Unfortunately I personally find the methods for publishing and listening for messages is rather confusing in MRL.

I am not able to follow the path of the messages from your example - e.g. is htmlFilter sending data to "talk"? And how is onText() connected to the rest? And what is the python.subscribe() good for?

Lots of inside knowledge required I assume.

moz4r's picture

test ok

Ok it works , it's better when it is not blinded coding :)

I just start programab session at the begining :

https://github.com/moz4r/aiml/raw/master/bots/BOTS-FRENCH/Inmoov_AI/test...

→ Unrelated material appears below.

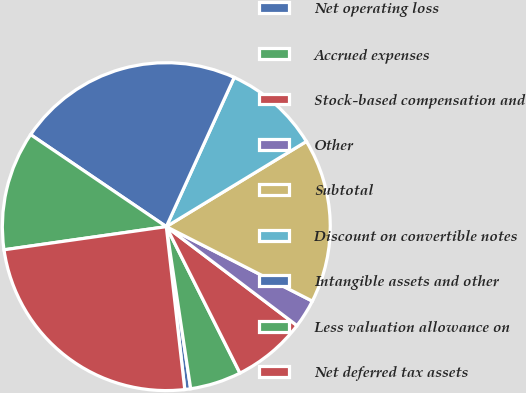<chart> <loc_0><loc_0><loc_500><loc_500><pie_chart><fcel>Net operating loss<fcel>Accrued expenses<fcel>Stock-based compensation and<fcel>Other<fcel>Subtotal<fcel>Discount on convertible notes<fcel>Intangible assets and other<fcel>Less valuation allowance on<fcel>Net deferred tax assets<nl><fcel>0.58%<fcel>5.04%<fcel>7.27%<fcel>2.81%<fcel>16.2%<fcel>9.51%<fcel>22.31%<fcel>11.74%<fcel>24.54%<nl></chart> 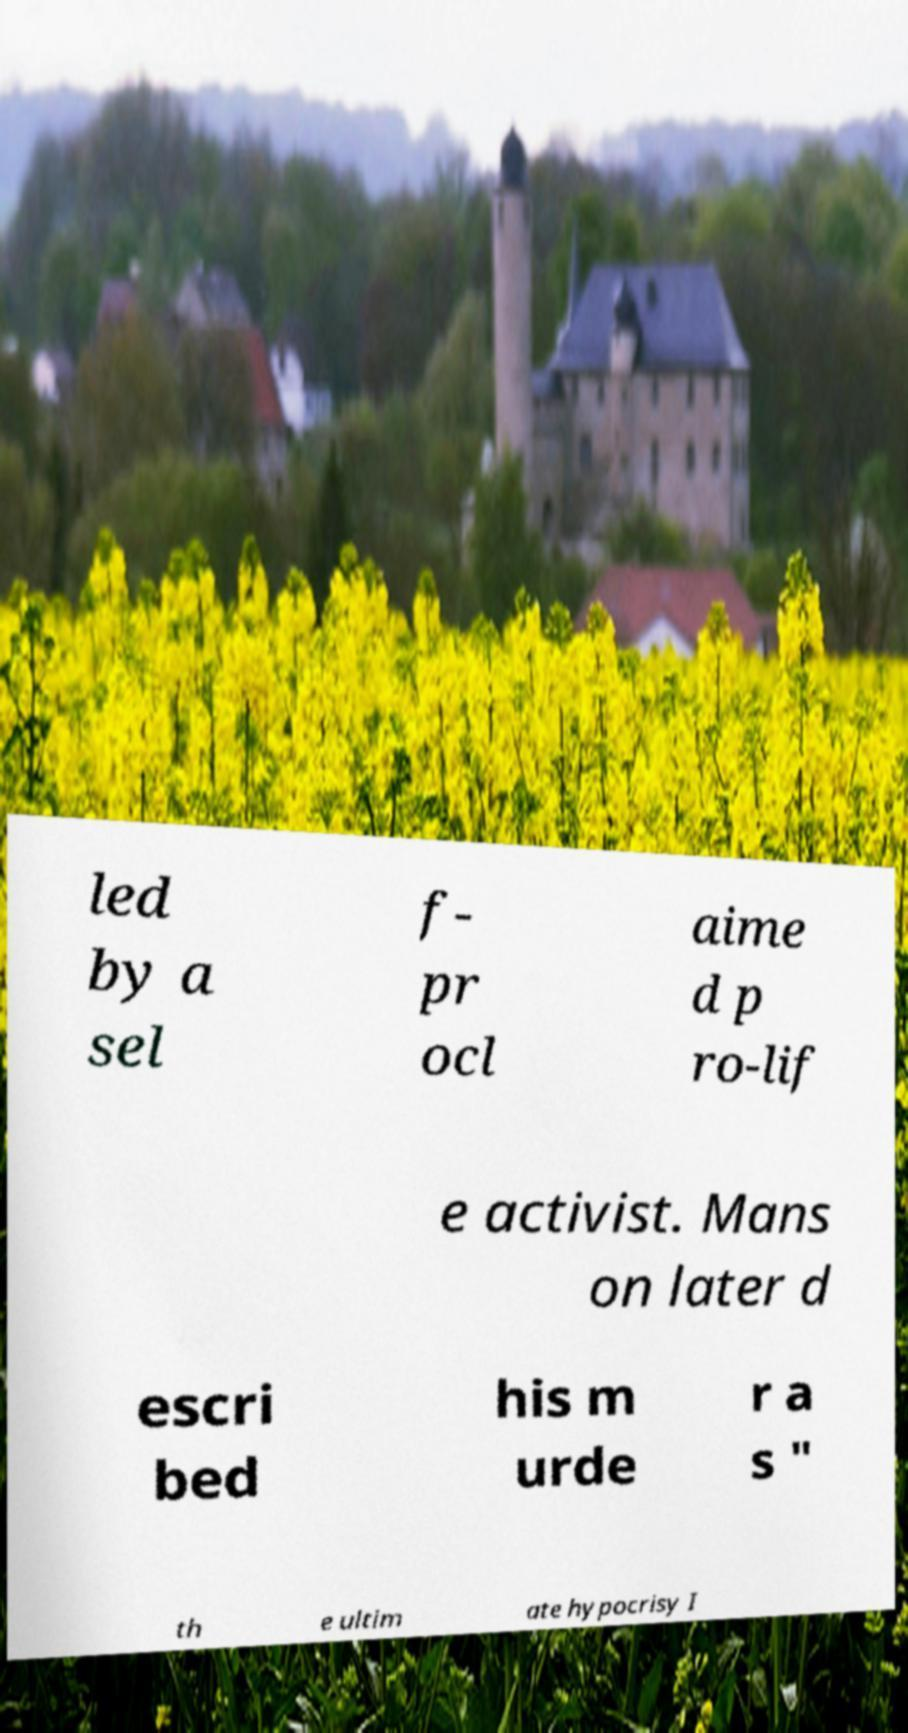What messages or text are displayed in this image? I need them in a readable, typed format. led by a sel f- pr ocl aime d p ro-lif e activist. Mans on later d escri bed his m urde r a s " th e ultim ate hypocrisy I

@juerg I agree whith you sometime it's hard to find the path ! but so many fonctions, so powerfull. Do you want I publish some graphical description about this 2 or 3 function ? I will do that when I have some little time

hairygael's picture

So finally I used the method

So finally I used the method of juerg and got it WORKY!!

#ear.addTextListener(inmoovFrench)
# route text over to replacing function
ear.addListener("publishText","python","replacer")

#We intercept what the robot is listening to change some values
#here we replace ' by space because AIML doesn't like '
def replacer(data):
    data = data.replace("'", " ")
    data = data.replace("-", " ")
    data = data.replace(chr(232),"E")#è
    data = data.replace(chr(233),"E")#é
    data = data.replace(chr(234),"E")#ê
    data = data.replace(chr(235),"E")#ë
    data = data.replace(chr(249),"U")#ù
    data = data.replace(chr(251),"U")#û
    data = data.replace(chr(224),"A")#à
    data = data.replace(chr(226),"A")#â
    data = data.replace(chr(212),"O")#ô
    data = data.replace(chr(239),"I")#ï
    print data
    #print ord(data[0])
    inmoovFrench.getResponse(data)

    #German replacer
    #data = data.replace(chr(228),"AE")
    #data = data.replace(chr(246),"OE")
    #data = data.replace(chr(252),"UE")

 

A few minutes after I got it working, Kwatters proposed to add an option in the WebKitRecognition service to strip magically all accents by adding this line in your script:

wksr.setStripAccents(True)

 

moz4r's picture

Ok I don't need to do that,

Ok I don't need to do that, it's strange you have problems with accent ! Most important is it's worky ! Great evening guys

 

hairygael's picture

You don't get the error with

You don't get the error with the args?

bartcam's picture

There is no need to replace

There is no need to replace all the special characteres.

Try this in AIML, my work with polish ĄĘĆŚŃŹŻŁ etc...


<?xml version="1.0" encoding="Windows-1250"?>

 
<aiml>
....
..
.
</aiml>

if You use special characteres in myrobotlab python try:

mouth speak(u'ĄĘĆŚŃ')

works!!

I was struggling in Polish and I had to somehow do it.

The simple is better ;)

juerg's picture

problem in my case was that

problem in my case was that wksr is understanding and returning lowercase letter "ü"

this does not match anything in AIML as the patterns are uppercase

bartcam's picture

For me works well

For me works well, WKSR is not returning U for me.

write here sample code, maybe I will be abble to understand Your problem.